Using the Qualcomm® Hexagon™ SDK for On-Device Speech Processing

Thursday 10/15/15 12:12pm
|
Posted By Kuntal Sampat
  • Up1
  • Down0

Ever since Qualcomm Technologies first announced always-on device activation in early 2013, we have seen an industry-wide adoption of always-on voice services. These services rely on waking up the device using a preset phrase such as “Hey, Snapdragon,” and then sending raw speech to the cloud, where actual recognition is done and the response formulated.

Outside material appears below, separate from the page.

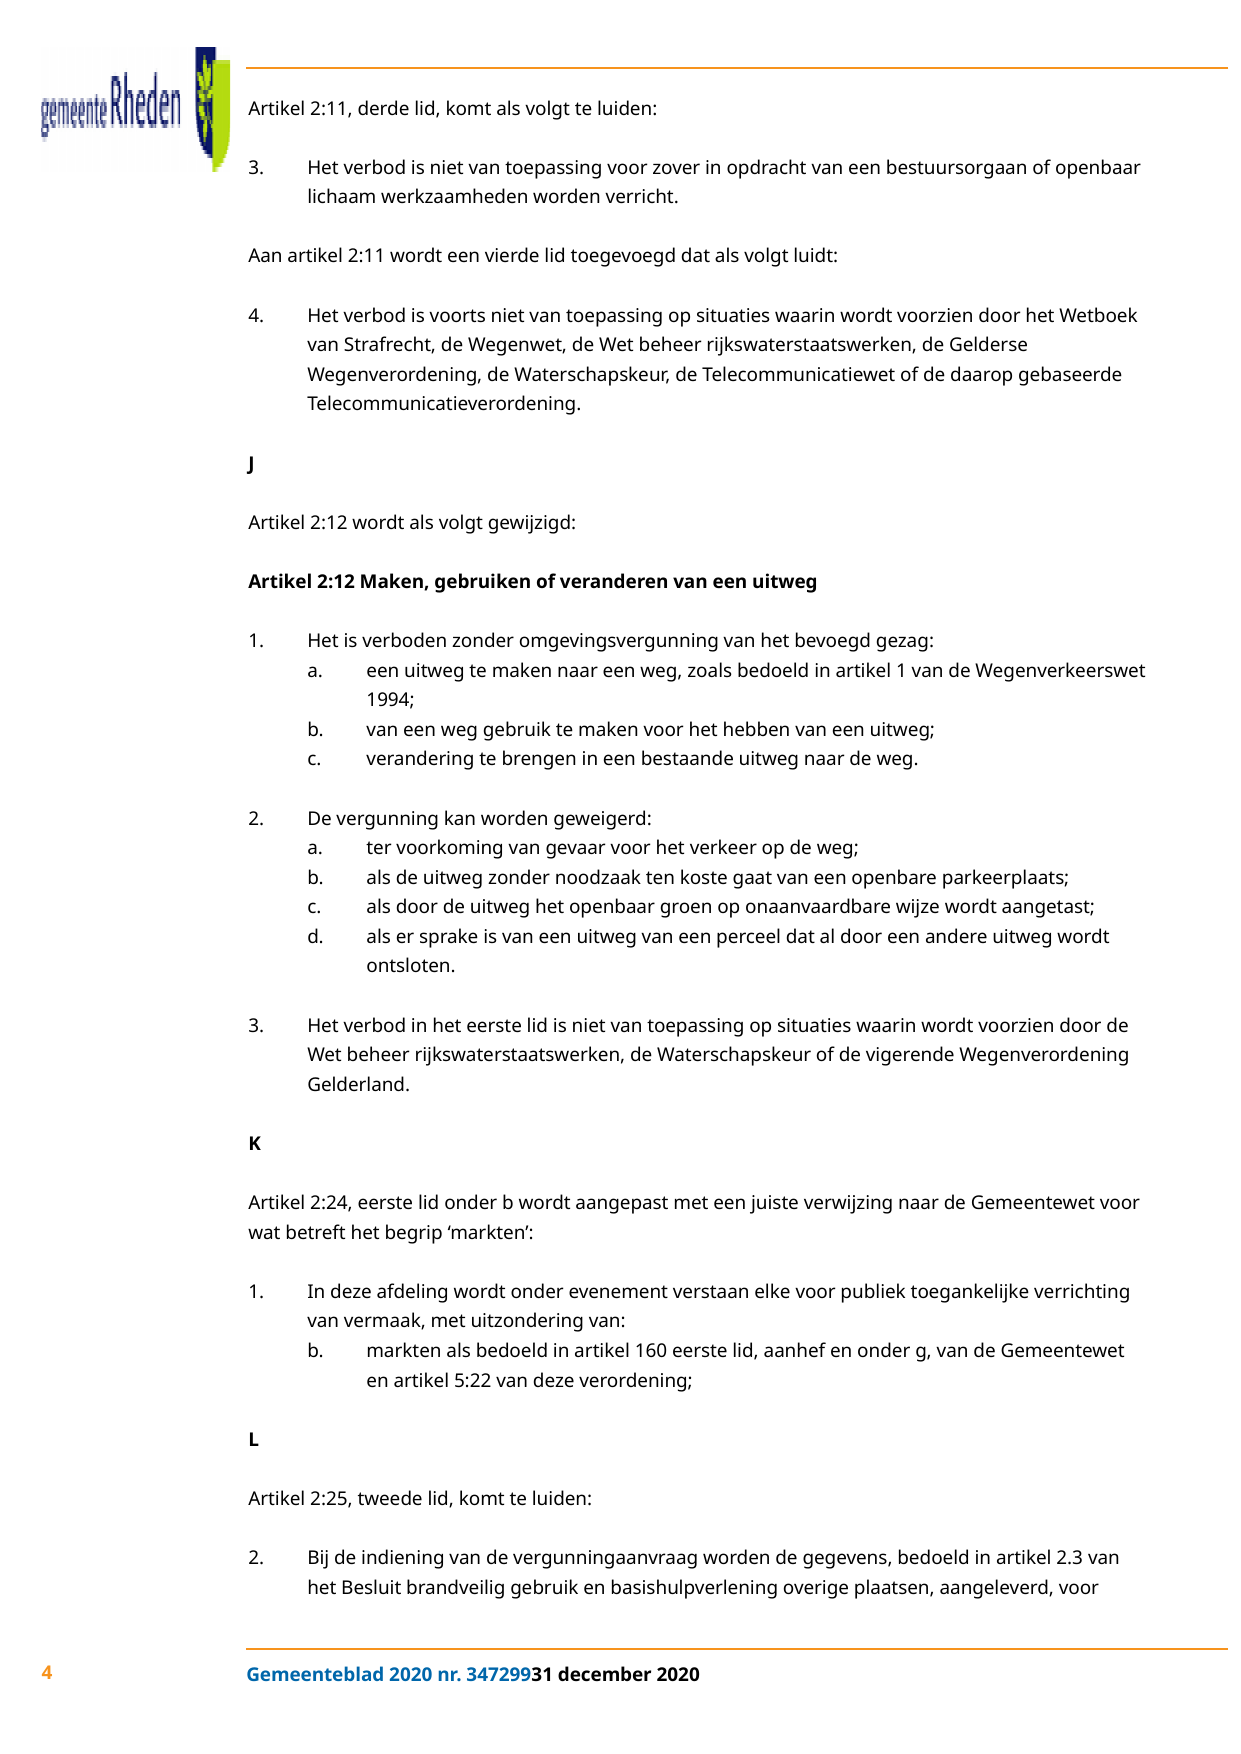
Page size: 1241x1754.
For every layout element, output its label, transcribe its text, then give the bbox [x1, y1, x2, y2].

This raises a number of legitimate privacy questions:

  1. How long is the voice recording stored in the cloud?
  2. Is the recorded voice available to a human listener, such as a software developer, who needs to use it for legitimate work on the application?
  3. Are there sufficient safeguards to prevent somebody from tracing the recorded voice back to a specific user?
  4. Apart from the user saying the wake-up phrase, is any background audio also stored in the cloud and how is such data used?
  5. Is the voice data encrypted in the cloud?
Man in blue shirt using speech recognition with his mobile device on the beach

Several companies have been trying to respond to these and similar questions of privacy. I believe that performing speech recognition and response formation on the device instead of running them in the cloud is an option toward mitigating privacy and security concerns.

The Qualcomm® Hexagon™ DSP SDK is designed to allow OEMs and ISVs to write fully capable, low-power speech recognition and synthesis applications that obviate the need to send voice samples to the cloud. Registered developers for the Hexagon SDK also get access to a text-to-speech framework to accelerate application development. This opportunity provides OEMs and ISVs with the option to perform some speech recognition on the device, and not need the cloud at all.

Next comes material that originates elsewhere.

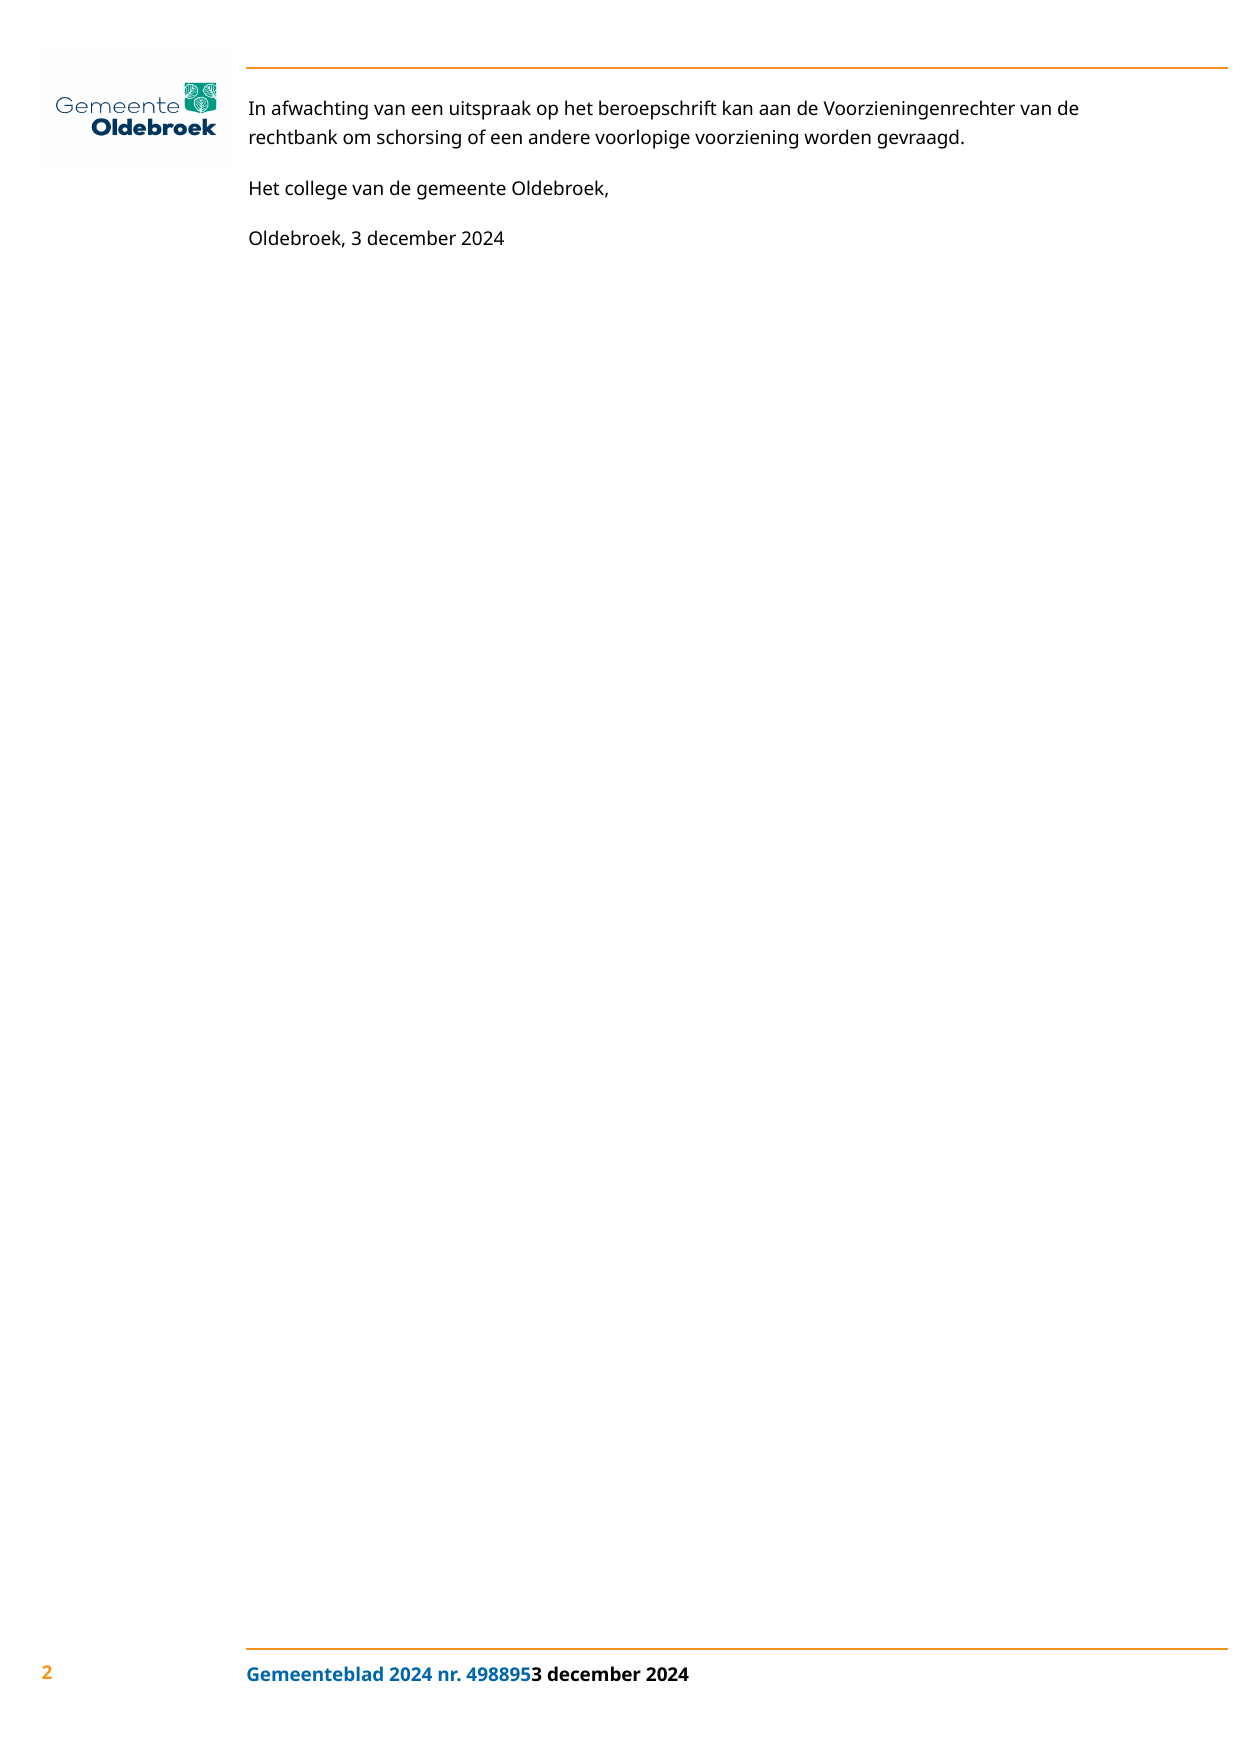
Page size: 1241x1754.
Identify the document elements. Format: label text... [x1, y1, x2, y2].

Some of the most common queries can be answered by information available on the device itself, without the need for network connectivity. For instance, queries about personal schedule can be answered by accessing the on-device calendar. The Hexagon SDK also provides capabilities to change many spoken queries into text before sending them over the network. This provides a privacy benefit of not collecting a recorded voice in the cloud.

Thoughts? Let me know what you think in the comments below.

Comments

Re: Using the Qualcomm® Hexagon™ SDK for On-Device Speech...

Can you program the DSP on any smartphone with the proper snapdragon chipset, or do you need to buy the dev kit? Will the apps relying on this technology only work if an OEM includes my code on their devicesI am a researcher working on a project, and am interested on the hexagon SDK to test novel machine learning algorithms. I have requested access to the SDK, but maybe I do not have the profile required to develop on this platform.

Re: Using the Qualcomm® Hexagon™ SDK for On-Device Speech...

I know it has been 1yr since your question, but I think someone else might be interested, like me, as I am investigating the possibility as well.

I believe you can build your code with the SDK and build your own app that runs the code through the DSP, but if you need a platform you can always use open-source AOSP to build your version of Android or the easy was is to put your code into 3rd party like CyanogenMod (you can build it on your own away from the official channel if you're concerned about keeping your code on lock for testing)...

This is IMO for now as I'm still researching this topic and the available options for individual / non-OEM development!